Secondly, they had to learn how to thread a needle.


But later, I realised that most kid-speak is like pushing that poor bit of thread into the eye of normal life — a hit-and-miss effort at managing. Or kaam chalaaoing. As children increasingly speak English but listen to the bhaashas at home and to Hindi in cinema and TV, their communication is not as much about language as about sound effects.

"Where is your Amma and Appa?" asked 10-year-old David, for instance.
"They is in the …oh!" I stopped and clicked my tongue. License to use a pan-national language has apparently meant bending a lot of rules.


But then again, why not? Isn't modern life about adapting, evolving, I thought, despairingly. After all, you can smell a lot of languages in the conversations of the youth.

Sometimes, there are some confusions too. "Chakka" yelled cricket-loving Sunny, and knocked around wildly in his chair, while Pinky blushed and enquired nastily whether he planned to join the tribe.

"No, Sachin maaroed a chakka," cried Sunny.
"Brave of him. Didn't he…er…she…er… maaro back?"
And then there is the other side, the fresher inflexions from the New World. The other day, Manini, a US-returned teenager — who speaks a tongue that sounds suspiciously like English — came home for lunch.

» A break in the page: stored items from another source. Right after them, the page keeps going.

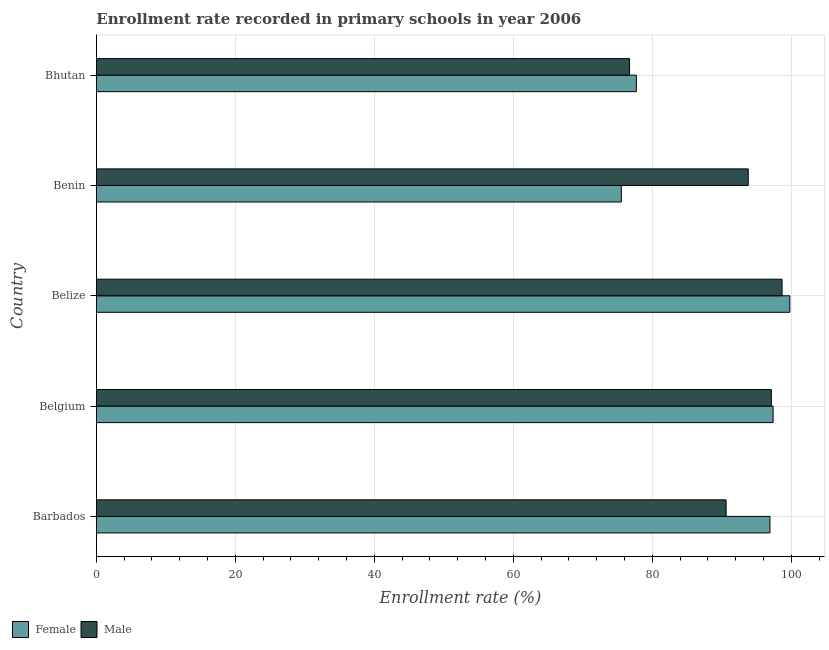How many groups of bars are there?
Your response must be concise. 5. Are the number of bars per tick equal to the number of legend labels?
Your answer should be very brief. Yes. How many bars are there on the 5th tick from the bottom?
Provide a short and direct response. 2. What is the label of the 1st group of bars from the top?
Give a very brief answer. Bhutan. In how many cases, is the number of bars for a given country not equal to the number of legend labels?
Offer a terse response. 0. What is the enrollment rate of female students in Belize?
Your answer should be compact. 99.78. Across all countries, what is the maximum enrollment rate of male students?
Your answer should be compact. 98.67. Across all countries, what is the minimum enrollment rate of female students?
Your response must be concise. 75.54. In which country was the enrollment rate of male students maximum?
Provide a succinct answer. Belize. In which country was the enrollment rate of male students minimum?
Ensure brevity in your answer.  Bhutan. What is the total enrollment rate of male students in the graph?
Offer a terse response. 456.92. What is the difference between the enrollment rate of female students in Belgium and that in Belize?
Offer a terse response. -2.4. What is the difference between the enrollment rate of female students in Belgium and the enrollment rate of male students in Belize?
Keep it short and to the point. -1.29. What is the average enrollment rate of female students per country?
Your response must be concise. 89.47. What is the difference between the enrollment rate of male students and enrollment rate of female students in Belize?
Provide a succinct answer. -1.12. In how many countries, is the enrollment rate of female students greater than 44 %?
Provide a short and direct response. 5. What is the ratio of the enrollment rate of female students in Benin to that in Bhutan?
Your response must be concise. 0.97. What is the difference between the highest and the second highest enrollment rate of male students?
Give a very brief answer. 1.54. What is the difference between the highest and the lowest enrollment rate of female students?
Offer a terse response. 24.24. Is the sum of the enrollment rate of female students in Belgium and Belize greater than the maximum enrollment rate of male students across all countries?
Offer a terse response. Yes. What does the 2nd bar from the top in Belize represents?
Provide a succinct answer. Female. How many bars are there?
Offer a terse response. 10. Does the graph contain grids?
Ensure brevity in your answer.  Yes. What is the title of the graph?
Keep it short and to the point. Enrollment rate recorded in primary schools in year 2006. What is the label or title of the X-axis?
Ensure brevity in your answer.  Enrollment rate (%). What is the Enrollment rate (%) in Female in Barbados?
Offer a terse response. 96.92. What is the Enrollment rate (%) of Male in Barbados?
Offer a terse response. 90.62. What is the Enrollment rate (%) in Female in Belgium?
Your answer should be very brief. 97.38. What is the Enrollment rate (%) of Male in Belgium?
Your response must be concise. 97.12. What is the Enrollment rate (%) of Female in Belize?
Make the answer very short. 99.78. What is the Enrollment rate (%) of Male in Belize?
Provide a short and direct response. 98.67. What is the Enrollment rate (%) of Female in Benin?
Provide a succinct answer. 75.54. What is the Enrollment rate (%) in Male in Benin?
Your response must be concise. 93.8. What is the Enrollment rate (%) of Female in Bhutan?
Give a very brief answer. 77.7. What is the Enrollment rate (%) of Male in Bhutan?
Give a very brief answer. 76.72. Across all countries, what is the maximum Enrollment rate (%) in Female?
Ensure brevity in your answer.  99.78. Across all countries, what is the maximum Enrollment rate (%) of Male?
Give a very brief answer. 98.67. Across all countries, what is the minimum Enrollment rate (%) of Female?
Provide a succinct answer. 75.54. Across all countries, what is the minimum Enrollment rate (%) in Male?
Keep it short and to the point. 76.72. What is the total Enrollment rate (%) of Female in the graph?
Give a very brief answer. 447.32. What is the total Enrollment rate (%) in Male in the graph?
Give a very brief answer. 456.92. What is the difference between the Enrollment rate (%) in Female in Barbados and that in Belgium?
Keep it short and to the point. -0.45. What is the difference between the Enrollment rate (%) of Male in Barbados and that in Belgium?
Your response must be concise. -6.51. What is the difference between the Enrollment rate (%) of Female in Barbados and that in Belize?
Your response must be concise. -2.86. What is the difference between the Enrollment rate (%) of Male in Barbados and that in Belize?
Provide a succinct answer. -8.05. What is the difference between the Enrollment rate (%) in Female in Barbados and that in Benin?
Provide a succinct answer. 21.38. What is the difference between the Enrollment rate (%) of Male in Barbados and that in Benin?
Provide a succinct answer. -3.18. What is the difference between the Enrollment rate (%) of Female in Barbados and that in Bhutan?
Your answer should be compact. 19.22. What is the difference between the Enrollment rate (%) of Male in Barbados and that in Bhutan?
Offer a terse response. 13.9. What is the difference between the Enrollment rate (%) of Female in Belgium and that in Belize?
Ensure brevity in your answer.  -2.4. What is the difference between the Enrollment rate (%) in Male in Belgium and that in Belize?
Provide a short and direct response. -1.54. What is the difference between the Enrollment rate (%) of Female in Belgium and that in Benin?
Provide a succinct answer. 21.84. What is the difference between the Enrollment rate (%) of Male in Belgium and that in Benin?
Keep it short and to the point. 3.32. What is the difference between the Enrollment rate (%) of Female in Belgium and that in Bhutan?
Ensure brevity in your answer.  19.68. What is the difference between the Enrollment rate (%) in Male in Belgium and that in Bhutan?
Ensure brevity in your answer.  20.4. What is the difference between the Enrollment rate (%) in Female in Belize and that in Benin?
Keep it short and to the point. 24.24. What is the difference between the Enrollment rate (%) of Male in Belize and that in Benin?
Give a very brief answer. 4.87. What is the difference between the Enrollment rate (%) of Female in Belize and that in Bhutan?
Give a very brief answer. 22.08. What is the difference between the Enrollment rate (%) of Male in Belize and that in Bhutan?
Your answer should be very brief. 21.95. What is the difference between the Enrollment rate (%) of Female in Benin and that in Bhutan?
Your answer should be very brief. -2.16. What is the difference between the Enrollment rate (%) of Male in Benin and that in Bhutan?
Ensure brevity in your answer.  17.08. What is the difference between the Enrollment rate (%) of Female in Barbados and the Enrollment rate (%) of Male in Belgium?
Offer a terse response. -0.2. What is the difference between the Enrollment rate (%) in Female in Barbados and the Enrollment rate (%) in Male in Belize?
Provide a short and direct response. -1.74. What is the difference between the Enrollment rate (%) in Female in Barbados and the Enrollment rate (%) in Male in Benin?
Offer a very short reply. 3.12. What is the difference between the Enrollment rate (%) in Female in Barbados and the Enrollment rate (%) in Male in Bhutan?
Offer a very short reply. 20.21. What is the difference between the Enrollment rate (%) of Female in Belgium and the Enrollment rate (%) of Male in Belize?
Ensure brevity in your answer.  -1.29. What is the difference between the Enrollment rate (%) of Female in Belgium and the Enrollment rate (%) of Male in Benin?
Make the answer very short. 3.58. What is the difference between the Enrollment rate (%) of Female in Belgium and the Enrollment rate (%) of Male in Bhutan?
Provide a short and direct response. 20.66. What is the difference between the Enrollment rate (%) in Female in Belize and the Enrollment rate (%) in Male in Benin?
Offer a very short reply. 5.98. What is the difference between the Enrollment rate (%) in Female in Belize and the Enrollment rate (%) in Male in Bhutan?
Make the answer very short. 23.06. What is the difference between the Enrollment rate (%) in Female in Benin and the Enrollment rate (%) in Male in Bhutan?
Provide a short and direct response. -1.18. What is the average Enrollment rate (%) of Female per country?
Make the answer very short. 89.46. What is the average Enrollment rate (%) in Male per country?
Ensure brevity in your answer.  91.38. What is the difference between the Enrollment rate (%) in Female and Enrollment rate (%) in Male in Barbados?
Your answer should be very brief. 6.31. What is the difference between the Enrollment rate (%) of Female and Enrollment rate (%) of Male in Belgium?
Provide a short and direct response. 0.26. What is the difference between the Enrollment rate (%) in Female and Enrollment rate (%) in Male in Belize?
Your answer should be compact. 1.12. What is the difference between the Enrollment rate (%) in Female and Enrollment rate (%) in Male in Benin?
Offer a very short reply. -18.26. What is the difference between the Enrollment rate (%) in Female and Enrollment rate (%) in Male in Bhutan?
Offer a very short reply. 0.98. What is the ratio of the Enrollment rate (%) of Male in Barbados to that in Belgium?
Make the answer very short. 0.93. What is the ratio of the Enrollment rate (%) of Female in Barbados to that in Belize?
Your answer should be very brief. 0.97. What is the ratio of the Enrollment rate (%) in Male in Barbados to that in Belize?
Make the answer very short. 0.92. What is the ratio of the Enrollment rate (%) of Female in Barbados to that in Benin?
Make the answer very short. 1.28. What is the ratio of the Enrollment rate (%) of Male in Barbados to that in Benin?
Your response must be concise. 0.97. What is the ratio of the Enrollment rate (%) in Female in Barbados to that in Bhutan?
Offer a terse response. 1.25. What is the ratio of the Enrollment rate (%) of Male in Barbados to that in Bhutan?
Offer a terse response. 1.18. What is the ratio of the Enrollment rate (%) of Female in Belgium to that in Belize?
Offer a very short reply. 0.98. What is the ratio of the Enrollment rate (%) of Male in Belgium to that in Belize?
Keep it short and to the point. 0.98. What is the ratio of the Enrollment rate (%) of Female in Belgium to that in Benin?
Offer a terse response. 1.29. What is the ratio of the Enrollment rate (%) of Male in Belgium to that in Benin?
Offer a terse response. 1.04. What is the ratio of the Enrollment rate (%) of Female in Belgium to that in Bhutan?
Your answer should be compact. 1.25. What is the ratio of the Enrollment rate (%) of Male in Belgium to that in Bhutan?
Your answer should be very brief. 1.27. What is the ratio of the Enrollment rate (%) of Female in Belize to that in Benin?
Give a very brief answer. 1.32. What is the ratio of the Enrollment rate (%) of Male in Belize to that in Benin?
Offer a terse response. 1.05. What is the ratio of the Enrollment rate (%) in Female in Belize to that in Bhutan?
Give a very brief answer. 1.28. What is the ratio of the Enrollment rate (%) in Male in Belize to that in Bhutan?
Keep it short and to the point. 1.29. What is the ratio of the Enrollment rate (%) of Female in Benin to that in Bhutan?
Offer a terse response. 0.97. What is the ratio of the Enrollment rate (%) of Male in Benin to that in Bhutan?
Offer a terse response. 1.22. What is the difference between the highest and the second highest Enrollment rate (%) in Female?
Make the answer very short. 2.4. What is the difference between the highest and the second highest Enrollment rate (%) in Male?
Provide a short and direct response. 1.54. What is the difference between the highest and the lowest Enrollment rate (%) in Female?
Provide a succinct answer. 24.24. What is the difference between the highest and the lowest Enrollment rate (%) in Male?
Offer a terse response. 21.95.

After tucking into my careful spread, she sat back and sighed. "Cool," she smiled. "That was like, um, like, so with it man. It was so like too much, you know, dude? Like you know?"


My heart sank. I couldn't take so many unaccountable expletives together. "No," I wailed, clutching at the last two words that sounded as if they meant what I thought they meant. "I don't know, Manini." I paused and then added fiercely, "In fact, bloody hell I don't know what you mean. Can you talk to me in a language I understand, please?"

"LOL! Chill, dude," said Manini, a bit bewildered. "Why do you scope off?"
I stopped and stared at her. "Look," I began patiently. "I'm not, repeat, not scoping off — even if I don't know what that means."

I stopped. Why was I getting drawn into this, anyway?